Domestic team information
- 1921: Nottinghamshire
- 1935: Hampshire

Career statistics
| Competition | First-class |
| Matches | 4 |
| Runs scored | 32 |
| Batting average | 5.33 |
| 100s/50s | –/– |
| Top score | 13 |
| Balls bowled | 126 |
| Wickets | 4 |
| Bowling average | 20.00 |
| 5 wickets in innings | – |
| 10 wickets in match | – |
| Best bowling | 1/17 |
| Catches/stumpings | 2/– |
- Source: Cricinfo, 30 December 2009

= Thomas Collins (cricketer, born 1895) =

English cricketer

Thomas Hugh Collins (4 March 1895 – 19 May 1964) was an English cricketer.

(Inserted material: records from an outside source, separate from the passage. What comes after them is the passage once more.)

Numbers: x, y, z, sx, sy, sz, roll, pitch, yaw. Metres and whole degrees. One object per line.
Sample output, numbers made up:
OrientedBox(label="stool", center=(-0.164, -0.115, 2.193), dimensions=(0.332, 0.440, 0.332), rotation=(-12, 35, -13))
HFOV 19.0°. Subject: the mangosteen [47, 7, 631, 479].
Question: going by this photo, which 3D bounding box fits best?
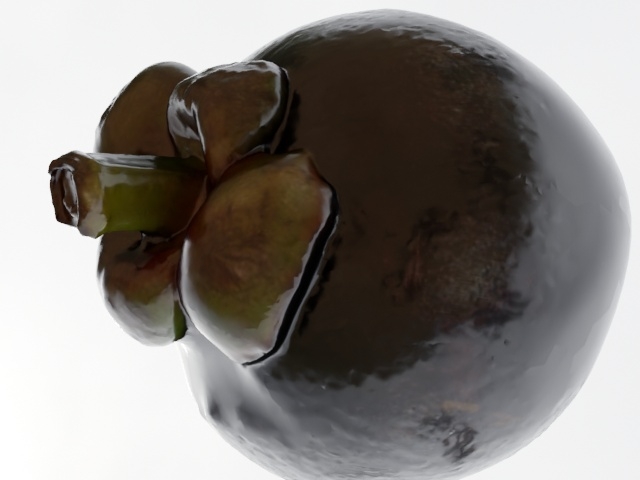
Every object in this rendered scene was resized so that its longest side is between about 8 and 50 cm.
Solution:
OrientedBox(label="mangosteen", center=(0.000, 0.000, 0.991), dimensions=(0.275, 0.302, 0.275), rotation=(-26, -122, 51))
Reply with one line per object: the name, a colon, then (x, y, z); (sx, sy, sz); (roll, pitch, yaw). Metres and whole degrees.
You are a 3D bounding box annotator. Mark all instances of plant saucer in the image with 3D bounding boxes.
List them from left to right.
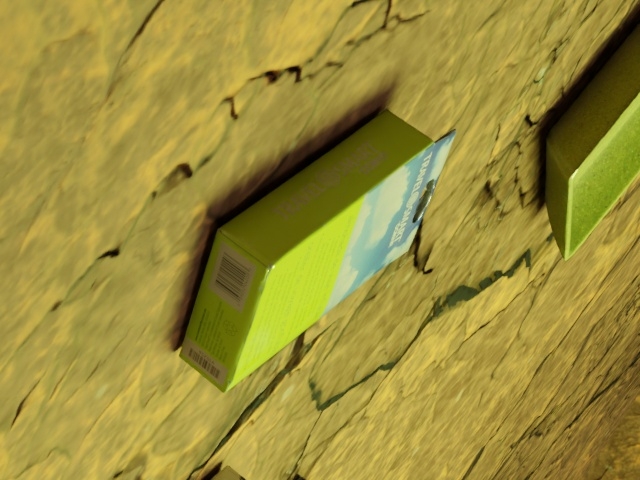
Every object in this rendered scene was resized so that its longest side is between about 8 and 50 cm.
plant saucer: (0.239, -0.094, 1.417); (0.188, 0.045, 0.188); (-50, 162, -12)

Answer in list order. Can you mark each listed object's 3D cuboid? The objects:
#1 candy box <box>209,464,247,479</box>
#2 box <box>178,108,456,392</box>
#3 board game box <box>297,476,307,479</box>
candy box: (-0.108, 0.282, 1.202); (0.159, 0.071, 0.233); (-38, 156, -38)
box: (0.000, 0.000, 0.997); (0.178, 0.042, 0.109); (-37, 157, -42)
board game box: (-0.039, 0.299, 1.425); (0.194, 0.060, 0.194); (-50, 162, -8)

Collins was born at Nottingham in March 1895. Collins made his debut in first-class cricket for Nottinghamshire against Leicestershire in the 1921 County Championship at Trent Bridge. In this match, he took the wicket of John King with his first delivery in first-class cricket. Following this match, he made a second appearance against Surrey in the County Championship. A gap of fourteen seasons would separate Collins from his next first-class appearances, when he appeared twice for Hampshire in the 1935 County Championship, against Derbyshire and Lancashire. Described by F. S. Ashley-Cooper as a "very promising left-arm fast-medium bowler with a splendid delivery" (though he also bowled slow left-arm orthodox), Collins took 4 wickets at an average of 20.00, with best figures of 1 for 17. He died in May 1964 at Edwalton, Nottinghamshire.